The causes for race- and sex-related differences in lung cancer histopathology are unknown. Some experts suggest that adenocarcinoma in women may be increased by hormonal (endocrine) factors. In particular, researchers believe that estrogen replacement therapy (ERT) increases the risk for adenocarcinoma. Studies also have indicated that women may have a greater genetic susceptibility to specific types of lung cancer due to female, X-linked inheritance (inheritance of genes located on the X chromosome).

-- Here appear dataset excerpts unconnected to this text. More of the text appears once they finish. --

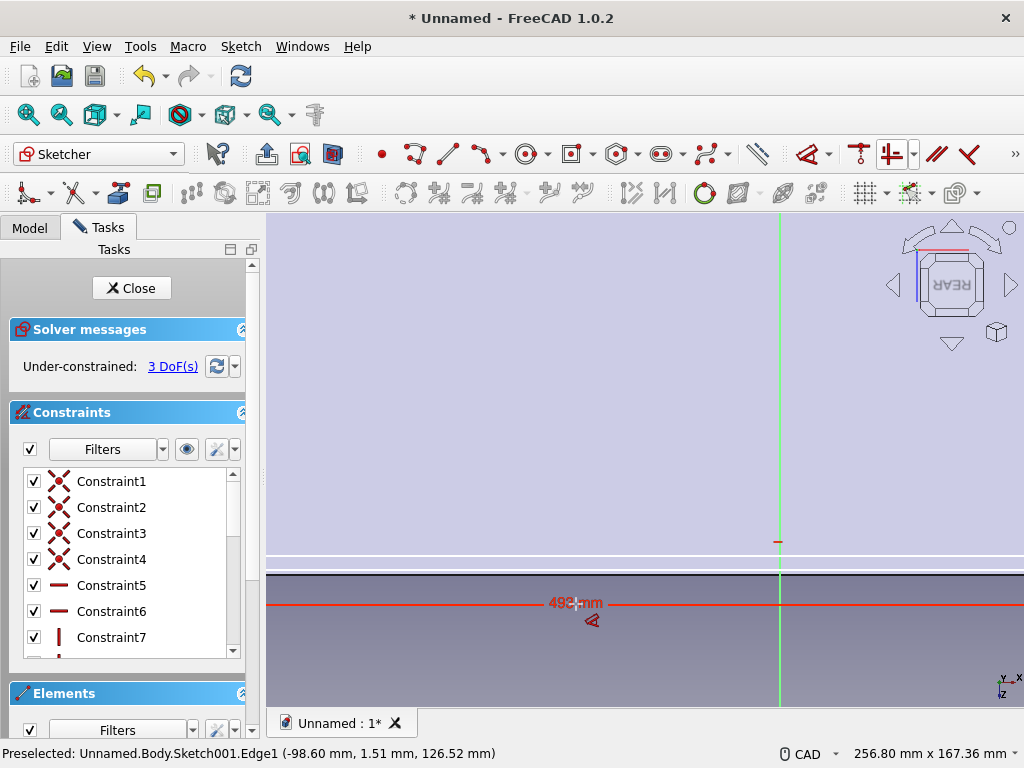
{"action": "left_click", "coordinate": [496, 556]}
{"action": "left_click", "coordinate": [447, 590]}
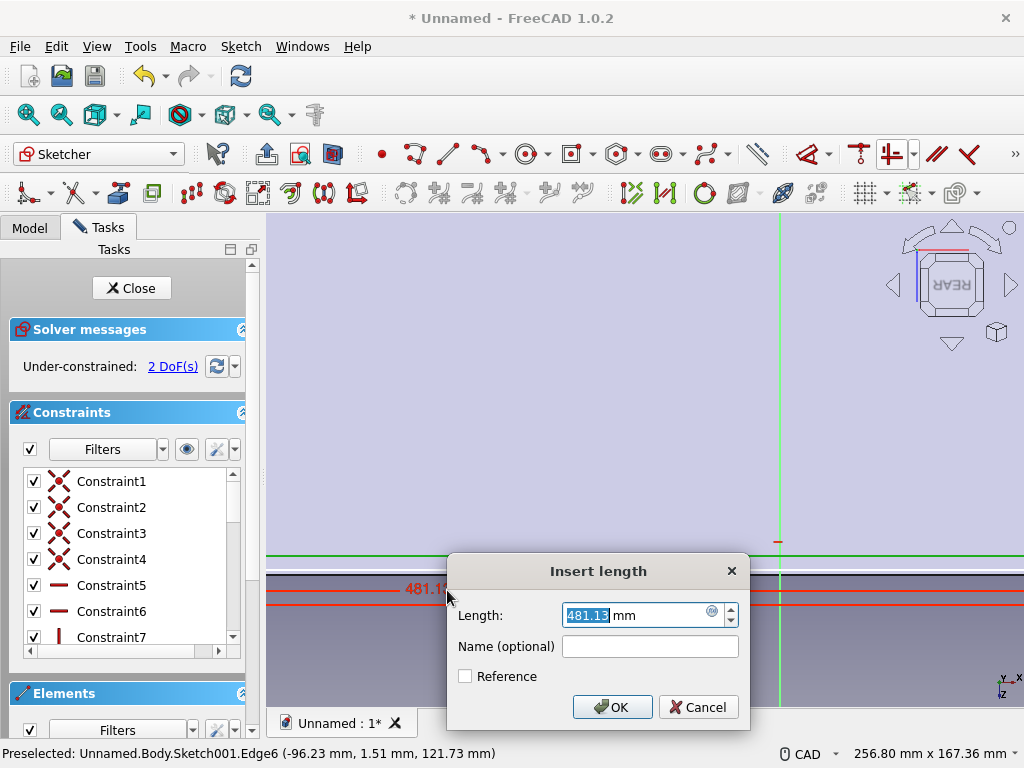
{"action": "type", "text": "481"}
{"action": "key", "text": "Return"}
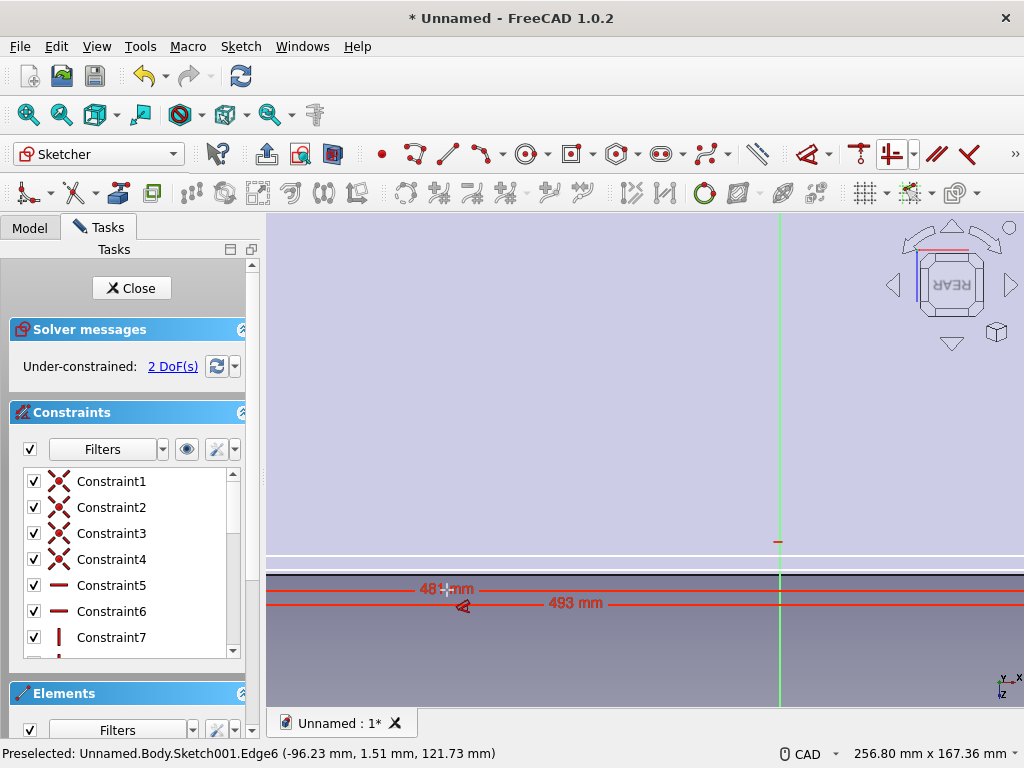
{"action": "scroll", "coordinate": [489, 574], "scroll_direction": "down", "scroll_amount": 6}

Occupational exposure also is associated with certain histopathologic types of lung cancer. For example, recent findings suggest that long-term (20+ years) exposure to mineral and metal dust is related to the growth of both small cell and squamous cell carcinomas. In addition, asbestos exposure may be associated with the development of adenocarcinoma and, to a lesser degree, with squamous cell or anaplastic carcinoma (cancer in which the cells have lost specialized characteristics, including physical placement). Some investigators theorize that household exposure to low-dose radon may increase the risk of small cell lung carcinoma over long periods of time.